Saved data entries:
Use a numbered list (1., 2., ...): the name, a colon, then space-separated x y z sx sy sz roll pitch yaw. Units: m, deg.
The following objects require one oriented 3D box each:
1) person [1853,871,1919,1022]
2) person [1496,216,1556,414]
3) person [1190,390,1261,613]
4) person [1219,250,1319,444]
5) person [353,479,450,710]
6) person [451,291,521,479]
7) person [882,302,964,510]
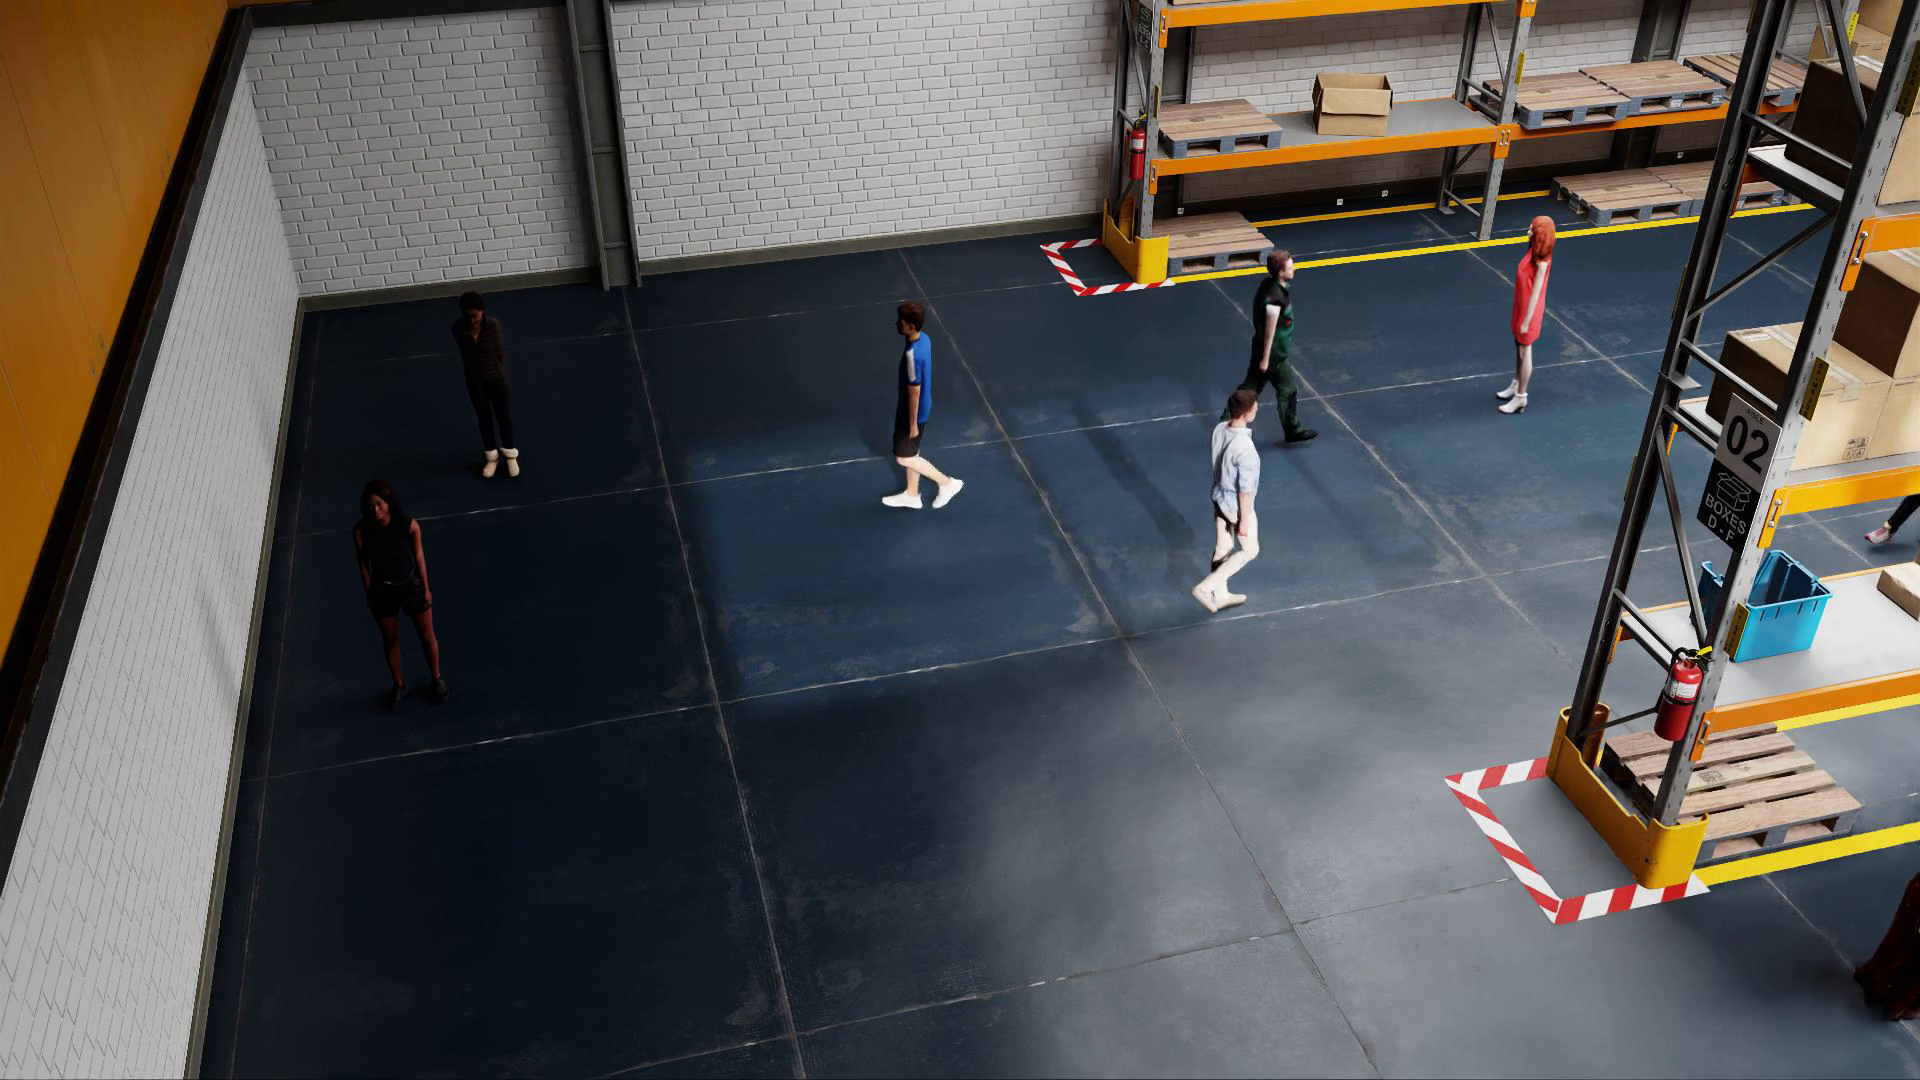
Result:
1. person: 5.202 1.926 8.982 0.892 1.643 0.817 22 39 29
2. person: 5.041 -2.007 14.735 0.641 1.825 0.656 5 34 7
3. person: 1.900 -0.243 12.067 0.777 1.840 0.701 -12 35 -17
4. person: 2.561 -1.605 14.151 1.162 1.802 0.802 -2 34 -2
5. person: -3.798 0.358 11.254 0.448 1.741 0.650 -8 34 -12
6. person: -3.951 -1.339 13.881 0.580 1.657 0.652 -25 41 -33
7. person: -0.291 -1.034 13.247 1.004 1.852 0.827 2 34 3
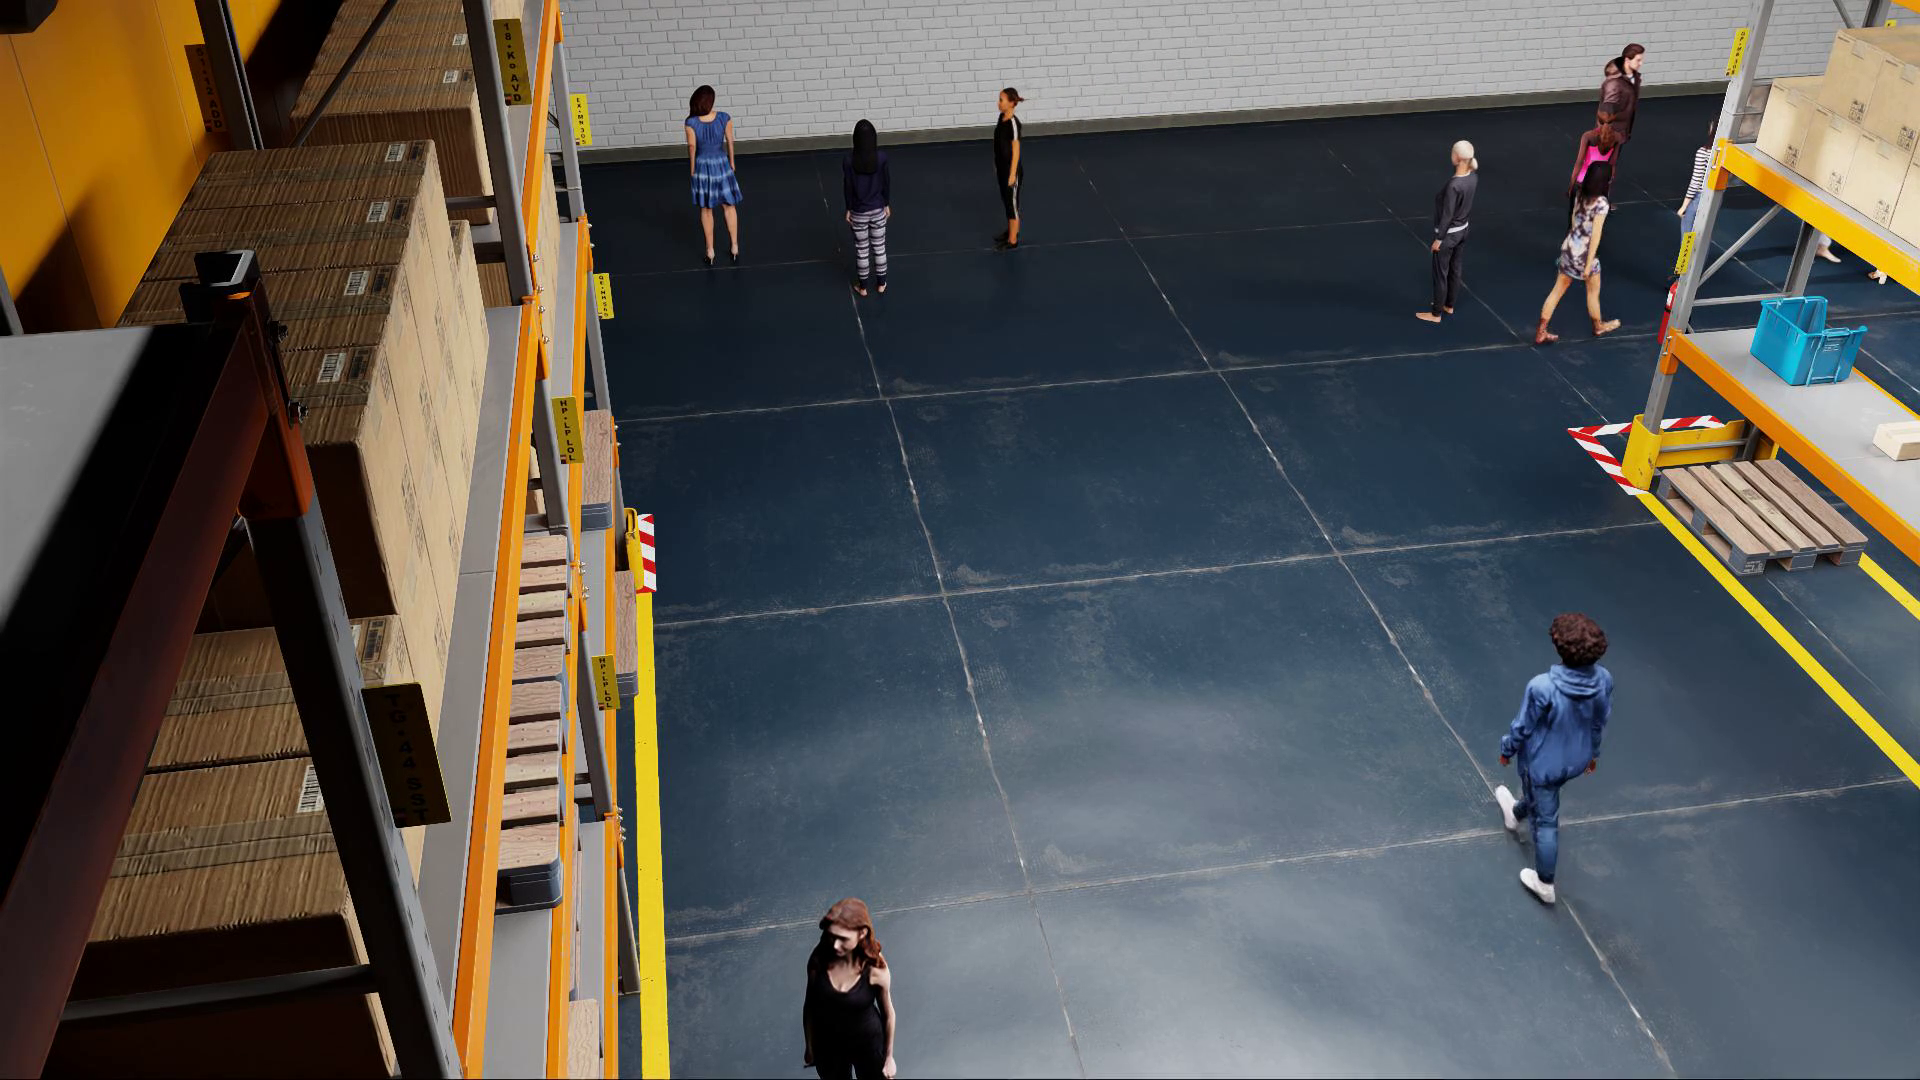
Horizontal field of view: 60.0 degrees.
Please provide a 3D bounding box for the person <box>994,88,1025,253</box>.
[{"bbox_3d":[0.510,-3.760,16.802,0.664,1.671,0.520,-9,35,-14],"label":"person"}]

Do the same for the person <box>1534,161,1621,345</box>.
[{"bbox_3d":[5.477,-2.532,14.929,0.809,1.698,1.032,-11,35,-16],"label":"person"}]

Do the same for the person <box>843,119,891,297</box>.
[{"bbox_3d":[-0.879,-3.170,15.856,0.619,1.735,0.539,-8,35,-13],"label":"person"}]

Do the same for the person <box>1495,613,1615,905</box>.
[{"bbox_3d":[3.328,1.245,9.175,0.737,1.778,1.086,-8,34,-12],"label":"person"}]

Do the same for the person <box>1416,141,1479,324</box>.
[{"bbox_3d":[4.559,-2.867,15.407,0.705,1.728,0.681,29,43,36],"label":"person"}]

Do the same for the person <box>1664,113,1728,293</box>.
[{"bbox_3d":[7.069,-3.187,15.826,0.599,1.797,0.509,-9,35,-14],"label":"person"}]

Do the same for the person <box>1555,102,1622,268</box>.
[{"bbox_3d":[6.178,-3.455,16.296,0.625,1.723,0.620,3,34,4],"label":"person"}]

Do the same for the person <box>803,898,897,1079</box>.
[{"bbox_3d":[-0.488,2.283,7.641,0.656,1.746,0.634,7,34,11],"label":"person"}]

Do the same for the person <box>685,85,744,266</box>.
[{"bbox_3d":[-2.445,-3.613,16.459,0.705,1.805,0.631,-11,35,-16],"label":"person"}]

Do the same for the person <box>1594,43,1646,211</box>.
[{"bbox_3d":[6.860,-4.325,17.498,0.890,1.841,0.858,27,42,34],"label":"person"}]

INSTRUCTIONS FOR THE TASK
Every record, word for word, should be given back without its pictures.

RESPONSE BELOW
Use a numbered list (1., 2., ...): the name, a colon, then space-separated x y z sx sy sz roll pitch yaw. Units: m, deg.
The following objects require one oriented 3D box each:
1) person [1853,871,1919,1022]
2) person [1496,216,1556,414]
3) person [1190,390,1261,613]
4) person [1219,250,1319,444]
5) person [353,479,450,710]
6) person [451,291,521,479]
7) person [882,302,964,510]
Result:
1. person: 5.202 1.926 8.982 0.892 1.643 0.817 22 39 29
2. person: 5.041 -2.007 14.735 0.641 1.825 0.656 5 34 7
3. person: 1.900 -0.243 12.067 0.777 1.840 0.701 -12 35 -17
4. person: 2.561 -1.605 14.151 1.162 1.802 0.802 -2 34 -2
5. person: -3.798 0.358 11.254 0.448 1.741 0.650 -8 34 -12
6. person: -3.951 -1.339 13.881 0.580 1.657 0.652 -25 41 -33
7. person: -0.291 -1.034 13.247 1.004 1.852 0.827 2 34 3
Horizontal field of view: 60.0 degrees.
Please provide a 3D bounding box for the person <box>994,88,1025,253</box>.
[{"bbox_3d":[0.510,-3.760,16.802,0.664,1.671,0.520,-9,35,-14],"label":"person"}]

Do the same for the person <box>1534,161,1621,345</box>.
[{"bbox_3d":[5.477,-2.532,14.929,0.809,1.698,1.032,-11,35,-16],"label":"person"}]

Do the same for the person <box>843,119,891,297</box>.
[{"bbox_3d":[-0.879,-3.170,15.856,0.619,1.735,0.539,-8,35,-13],"label":"person"}]

Do the same for the person <box>1495,613,1615,905</box>.
[{"bbox_3d":[3.328,1.245,9.175,0.737,1.778,1.086,-8,34,-12],"label":"person"}]

Do the same for the person <box>1416,141,1479,324</box>.
[{"bbox_3d":[4.559,-2.867,15.407,0.705,1.728,0.681,29,43,36],"label":"person"}]

Do the same for the person <box>1664,113,1728,293</box>.
[{"bbox_3d":[7.069,-3.187,15.826,0.599,1.797,0.509,-9,35,-14],"label":"person"}]

Do the same for the person <box>1555,102,1622,268</box>.
[{"bbox_3d":[6.178,-3.455,16.296,0.625,1.723,0.620,3,34,4],"label":"person"}]

Do the same for the person <box>803,898,897,1079</box>.
[{"bbox_3d":[-0.488,2.283,7.641,0.656,1.746,0.634,7,34,11],"label":"person"}]

Do the same for the person <box>685,85,744,266</box>.
[{"bbox_3d":[-2.445,-3.613,16.459,0.705,1.805,0.631,-11,35,-16],"label":"person"}]

Do the same for the person <box>1594,43,1646,211</box>.
[{"bbox_3d":[6.860,-4.325,17.498,0.890,1.841,0.858,27,42,34],"label":"person"}]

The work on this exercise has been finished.